## YOUR INSTRUCTIONS
Print the listing in its entirety and exactly, leaving out images.

## EXTRACTED ENTRIES
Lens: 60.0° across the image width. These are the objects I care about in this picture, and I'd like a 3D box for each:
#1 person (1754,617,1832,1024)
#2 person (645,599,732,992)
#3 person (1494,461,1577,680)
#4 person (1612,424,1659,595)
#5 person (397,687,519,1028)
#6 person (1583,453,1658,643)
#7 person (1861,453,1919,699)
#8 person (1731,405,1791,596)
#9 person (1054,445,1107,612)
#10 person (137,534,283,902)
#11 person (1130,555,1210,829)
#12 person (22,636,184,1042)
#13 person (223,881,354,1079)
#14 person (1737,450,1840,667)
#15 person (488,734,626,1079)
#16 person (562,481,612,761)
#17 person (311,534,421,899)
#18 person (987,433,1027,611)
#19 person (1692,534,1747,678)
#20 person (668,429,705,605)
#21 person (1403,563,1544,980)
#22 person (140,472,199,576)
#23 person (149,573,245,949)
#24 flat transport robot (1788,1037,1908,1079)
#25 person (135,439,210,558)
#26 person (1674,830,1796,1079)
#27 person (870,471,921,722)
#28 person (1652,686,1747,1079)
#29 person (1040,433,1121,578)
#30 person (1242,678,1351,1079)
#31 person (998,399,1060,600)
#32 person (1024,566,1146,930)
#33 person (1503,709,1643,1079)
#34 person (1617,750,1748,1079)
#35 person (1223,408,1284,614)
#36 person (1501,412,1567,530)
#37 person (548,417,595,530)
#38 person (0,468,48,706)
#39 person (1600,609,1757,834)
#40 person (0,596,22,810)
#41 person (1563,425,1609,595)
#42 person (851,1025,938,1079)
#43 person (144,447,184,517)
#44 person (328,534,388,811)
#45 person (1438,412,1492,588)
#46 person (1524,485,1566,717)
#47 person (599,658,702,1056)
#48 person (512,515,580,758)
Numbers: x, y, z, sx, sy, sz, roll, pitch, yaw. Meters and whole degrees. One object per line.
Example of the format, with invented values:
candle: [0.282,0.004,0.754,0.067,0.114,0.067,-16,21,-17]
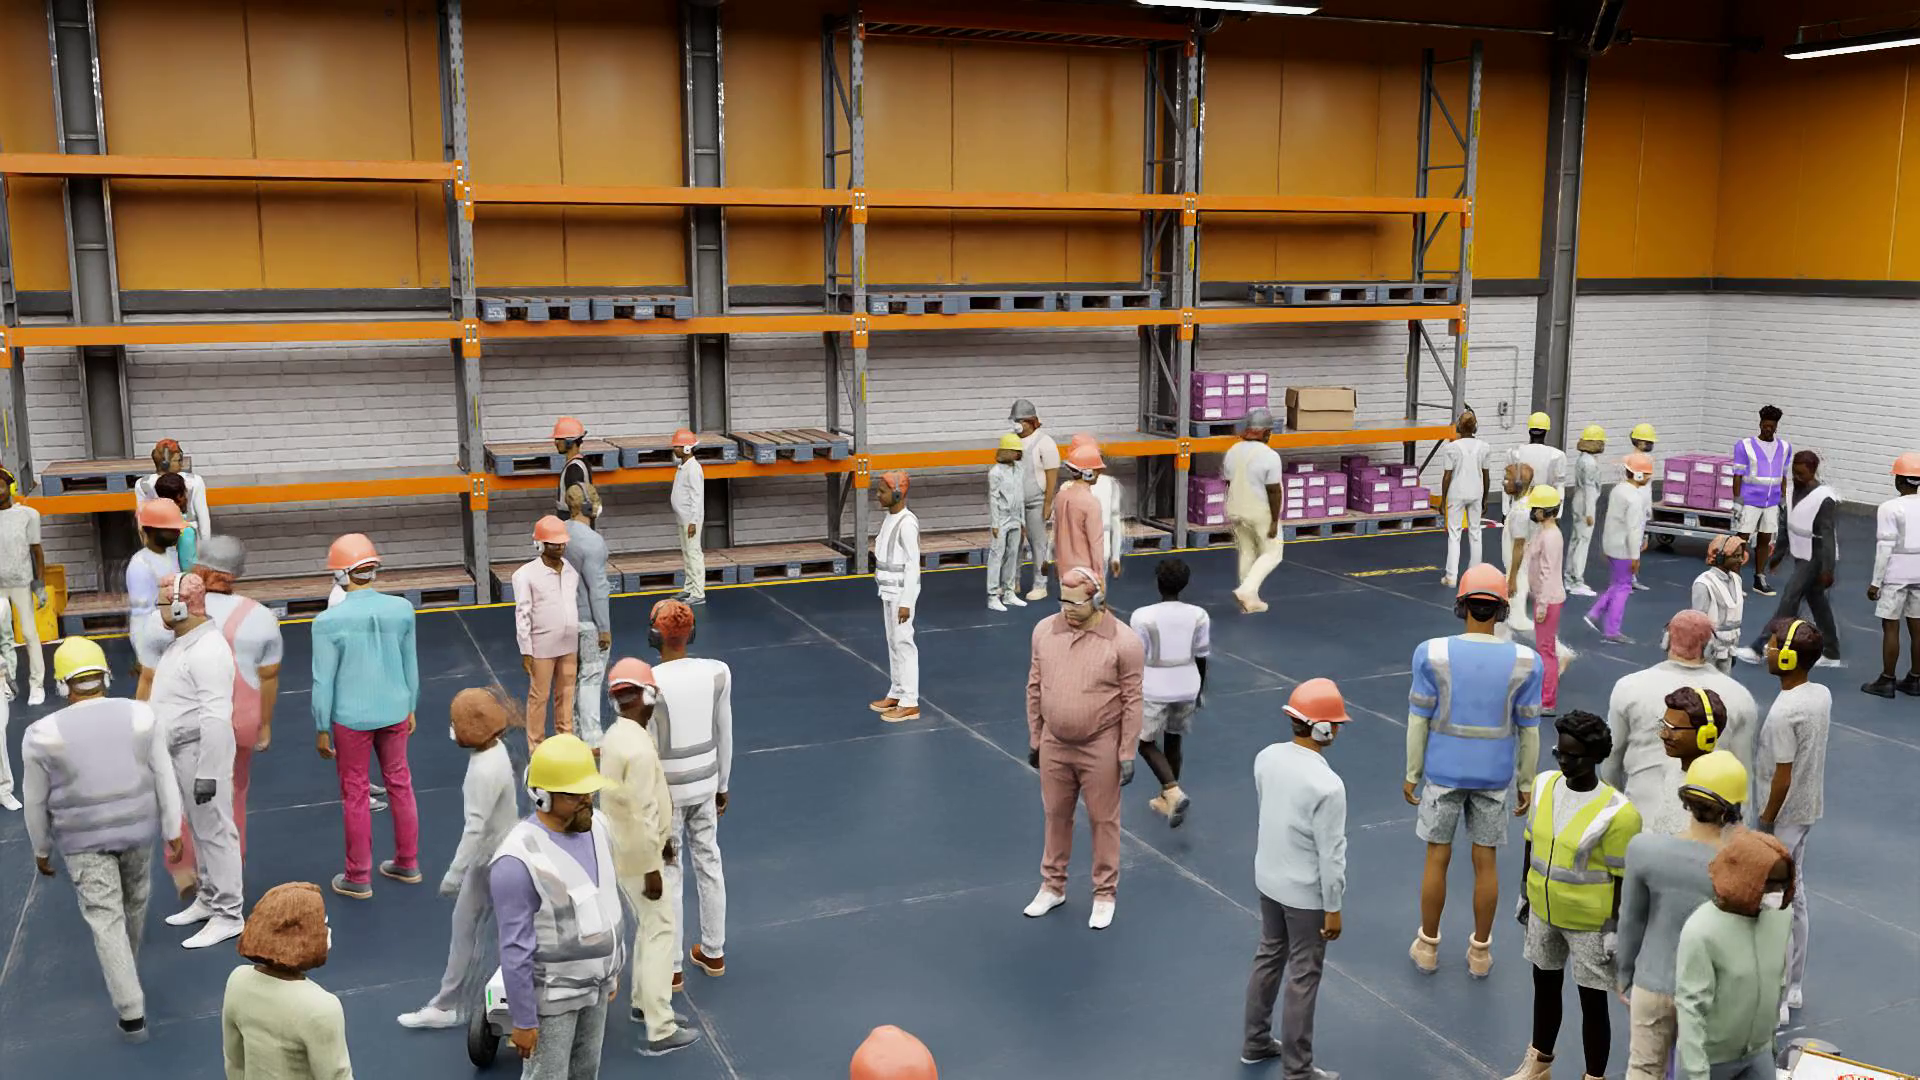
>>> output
person: [3.740,1.270,7.589,0.328,1.872,0.510,9,13,43]
person: [-1.342,1.207,7.919,0.574,1.882,0.356,-9,13,-41]
person: [4.602,0.275,13.467,0.733,1.827,0.509,3,10,18]
person: [6.952,-0.321,17.087,0.533,1.759,0.344,-8,12,-38]
person: [-2.095,1.435,7.453,0.812,1.588,0.505,-4,11,-23]
person: [5.948,0.073,14.878,0.452,1.728,0.610,1,10,3]
person: [7.402,0.282,13.084,0.543,1.939,0.371,-2,10,-9]
person: [8.152,-0.400,16.948,0.600,1.960,0.374,-1,10,-5]
person: [0.967,0.244,13.141,0.382,1.995,0.612,-6,11,-29]
person: [-4.038,0.947,8.960,0.765,2.000,0.576,-7,12,-34]
person: [1.286,0.930,10.085,0.538,1.674,0.606,-3,10,-19]
person: [-3.917,1.313,7.580,0.600,1.779,0.920,-9,13,-41]
person: [-2.004,1.828,5.053,0.505,1.631,0.281,6,11,30]
person: [6.987,0.166,13.955,0.993,1.851,0.648,1,10,5]
person: [-1.399,1.575,5.936,0.403,1.830,0.601,4,10,20]
person: [-2.593,0.556,11.499,0.355,1.939,0.637,-8,13,-39]
person: [-3.243,0.953,9.087,0.407,1.987,0.615,8,13,40]
person: [0.474,-0.182,16.322,0.312,1.742,0.488,8,13,40]
person: [5.060,0.768,11.173,0.514,1.634,0.312,-7,12,-36]
person: [-2.723,-0.233,16.579,0.329,1.751,0.568,-4,11,-23]
person: [2.462,1.115,8.035,0.614,2.029,0.405,1,10,8]
person: [-5.689,0.465,12.080,0.598,1.918,0.378,7,12,34]
person: [-3.888,1.104,8.450,0.409,1.906,0.639,-7,12,-34]
flat transport robot: [3.346,2.295,6.285,0.652,0.197,1.431,7,12,37]
person: [-6.862,0.054,14.562,0.573,1.883,0.356,-3,10,-18]
person: [2.629,1.758,5.533,0.539,1.605,0.737,-4,10,-20]
person: [-0.474,0.414,12.479,0.343,1.882,0.585,-3,10,-17]
person: [2.780,1.474,6.414,0.315,1.870,0.532,-1,10,-7]
person: [0.977,0.113,13.879,0.616,2.004,0.907,-10,14,-44]
person: [1.450,1.434,7.016,0.372,1.740,0.564,-4,11,-22]
person: [0.631,-0.414,16.801,0.688,2.000,0.536,8,13,40]
person: [0.625,1.071,8.654,0.643,1.900,0.400,5,11,28]
person: [2.470,1.507,6.718,0.320,1.698,0.531,-6,11,-30]
person: [2.620,1.611,5.956,0.534,1.758,0.345,8,12,38]
person: [2.830,-0.270,15.969,0.632,2.000,0.691,-7,12,-37]
person: [5.715,-0.315,16.596,0.588,1.920,0.395,4,11,20]
person: [-3.463,-0.083,14.885,0.381,2.041,0.616,-1,10,-8]
person: [-7.331,0.363,12.828,0.532,1.865,0.310,-2,10,-10]
person: [3.334,1.234,7.843,0.630,1.843,0.996,1,10,5]
person: [-6.124,0.910,10.326,0.307,1.641,0.512,9,13,43]
person: [6.450,-0.303,17.081,0.346,1.734,0.544,1,10,7]
person: [-0.138,1.972,3.883,0.563,1.750,0.326,-8,13,-38]
person: [-6.883,0.086,14.484,0.517,1.841,0.324,7,12,36]
person: [-3.788,0.823,10.497,0.341,1.749,0.572,-3,10,-15]
person: [5.266,-0.417,17.378,0.504,1.847,0.345,0,10,0]
person: [4.405,0.458,12.595,0.340,1.757,0.518,3,10,15]
person: [-1.417,1.391,7.420,0.353,1.697,0.616,-3,10,-19]
person: [-2.730,0.699,11.211,0.327,1.752,0.562,7,12,37]

## WRITTEN ANSWER
Lens: 60.0° across the image width. These are the objects I care about in this picture, and I'd like a 3D box for each:
#1 person (1754,617,1832,1024)
#2 person (645,599,732,992)
#3 person (1494,461,1577,680)
#4 person (1612,424,1659,595)
#5 person (397,687,519,1028)
#6 person (1583,453,1658,643)
#7 person (1861,453,1919,699)
#8 person (1731,405,1791,596)
#9 person (1054,445,1107,612)
#10 person (137,534,283,902)
#11 person (1130,555,1210,829)
#12 person (22,636,184,1042)
#13 person (223,881,354,1079)
#14 person (1737,450,1840,667)
#15 person (488,734,626,1079)
#16 person (562,481,612,761)
#17 person (311,534,421,899)
#18 person (987,433,1027,611)
#19 person (1692,534,1747,678)
#20 person (668,429,705,605)
#21 person (1403,563,1544,980)
#22 person (140,472,199,576)
#23 person (149,573,245,949)
#24 flat transport robot (1788,1037,1908,1079)
#25 person (135,439,210,558)
#26 person (1674,830,1796,1079)
#27 person (870,471,921,722)
#28 person (1652,686,1747,1079)
#29 person (1040,433,1121,578)
#30 person (1242,678,1351,1079)
#31 person (998,399,1060,600)
#32 person (1024,566,1146,930)
#33 person (1503,709,1643,1079)
#34 person (1617,750,1748,1079)
#35 person (1223,408,1284,614)
#36 person (1501,412,1567,530)
#37 person (548,417,595,530)
#38 person (0,468,48,706)
#39 person (1600,609,1757,834)
#40 person (0,596,22,810)
#41 person (1563,425,1609,595)
#42 person (851,1025,938,1079)
#43 person (144,447,184,517)
#44 person (328,534,388,811)
#45 person (1438,412,1492,588)
#46 person (1524,485,1566,717)
#47 person (599,658,702,1056)
#48 person (512,515,580,758)
Numbers: x, y, z, sx, sy, sz, roll, pitch, yaw. Meters and whole degrees. One object per line.
Example of the format, with invented values:
candle: [0.282,0.004,0.754,0.067,0.114,0.067,-16,21,-17]
>>> output
person: [3.740,1.270,7.589,0.328,1.872,0.510,9,13,43]
person: [-1.342,1.207,7.919,0.574,1.882,0.356,-9,13,-41]
person: [4.602,0.275,13.467,0.733,1.827,0.509,3,10,18]
person: [6.952,-0.321,17.087,0.533,1.759,0.344,-8,12,-38]
person: [-2.095,1.435,7.453,0.812,1.588,0.505,-4,11,-23]
person: [5.948,0.073,14.878,0.452,1.728,0.610,1,10,3]
person: [7.402,0.282,13.084,0.543,1.939,0.371,-2,10,-9]
person: [8.152,-0.400,16.948,0.600,1.960,0.374,-1,10,-5]
person: [0.967,0.244,13.141,0.382,1.995,0.612,-6,11,-29]
person: [-4.038,0.947,8.960,0.765,2.000,0.576,-7,12,-34]
person: [1.286,0.930,10.085,0.538,1.674,0.606,-3,10,-19]
person: [-3.917,1.313,7.580,0.600,1.779,0.920,-9,13,-41]
person: [-2.004,1.828,5.053,0.505,1.631,0.281,6,11,30]
person: [6.987,0.166,13.955,0.993,1.851,0.648,1,10,5]
person: [-1.399,1.575,5.936,0.403,1.830,0.601,4,10,20]
person: [-2.593,0.556,11.499,0.355,1.939,0.637,-8,13,-39]
person: [-3.243,0.953,9.087,0.407,1.987,0.615,8,13,40]
person: [0.474,-0.182,16.322,0.312,1.742,0.488,8,13,40]
person: [5.060,0.768,11.173,0.514,1.634,0.312,-7,12,-36]
person: [-2.723,-0.233,16.579,0.329,1.751,0.568,-4,11,-23]
person: [2.462,1.115,8.035,0.614,2.029,0.405,1,10,8]
person: [-5.689,0.465,12.080,0.598,1.918,0.378,7,12,34]
person: [-3.888,1.104,8.450,0.409,1.906,0.639,-7,12,-34]
flat transport robot: [3.346,2.295,6.285,0.652,0.197,1.431,7,12,37]
person: [-6.862,0.054,14.562,0.573,1.883,0.356,-3,10,-18]
person: [2.629,1.758,5.533,0.539,1.605,0.737,-4,10,-20]
person: [-0.474,0.414,12.479,0.343,1.882,0.585,-3,10,-17]
person: [2.780,1.474,6.414,0.315,1.870,0.532,-1,10,-7]
person: [0.977,0.113,13.879,0.616,2.004,0.907,-10,14,-44]
person: [1.450,1.434,7.016,0.372,1.740,0.564,-4,11,-22]
person: [0.631,-0.414,16.801,0.688,2.000,0.536,8,13,40]
person: [0.625,1.071,8.654,0.643,1.900,0.400,5,11,28]
person: [2.470,1.507,6.718,0.320,1.698,0.531,-6,11,-30]
person: [2.620,1.611,5.956,0.534,1.758,0.345,8,12,38]
person: [2.830,-0.270,15.969,0.632,2.000,0.691,-7,12,-37]
person: [5.715,-0.315,16.596,0.588,1.920,0.395,4,11,20]
person: [-3.463,-0.083,14.885,0.381,2.041,0.616,-1,10,-8]
person: [-7.331,0.363,12.828,0.532,1.865,0.310,-2,10,-10]
person: [3.334,1.234,7.843,0.630,1.843,0.996,1,10,5]
person: [-6.124,0.910,10.326,0.307,1.641,0.512,9,13,43]
person: [6.450,-0.303,17.081,0.346,1.734,0.544,1,10,7]
person: [-0.138,1.972,3.883,0.563,1.750,0.326,-8,13,-38]
person: [-6.883,0.086,14.484,0.517,1.841,0.324,7,12,36]
person: [-3.788,0.823,10.497,0.341,1.749,0.572,-3,10,-15]
person: [5.266,-0.417,17.378,0.504,1.847,0.345,0,10,0]
person: [4.405,0.458,12.595,0.340,1.757,0.518,3,10,15]
person: [-1.417,1.391,7.420,0.353,1.697,0.616,-3,10,-19]
person: [-2.730,0.699,11.211,0.327,1.752,0.562,7,12,37]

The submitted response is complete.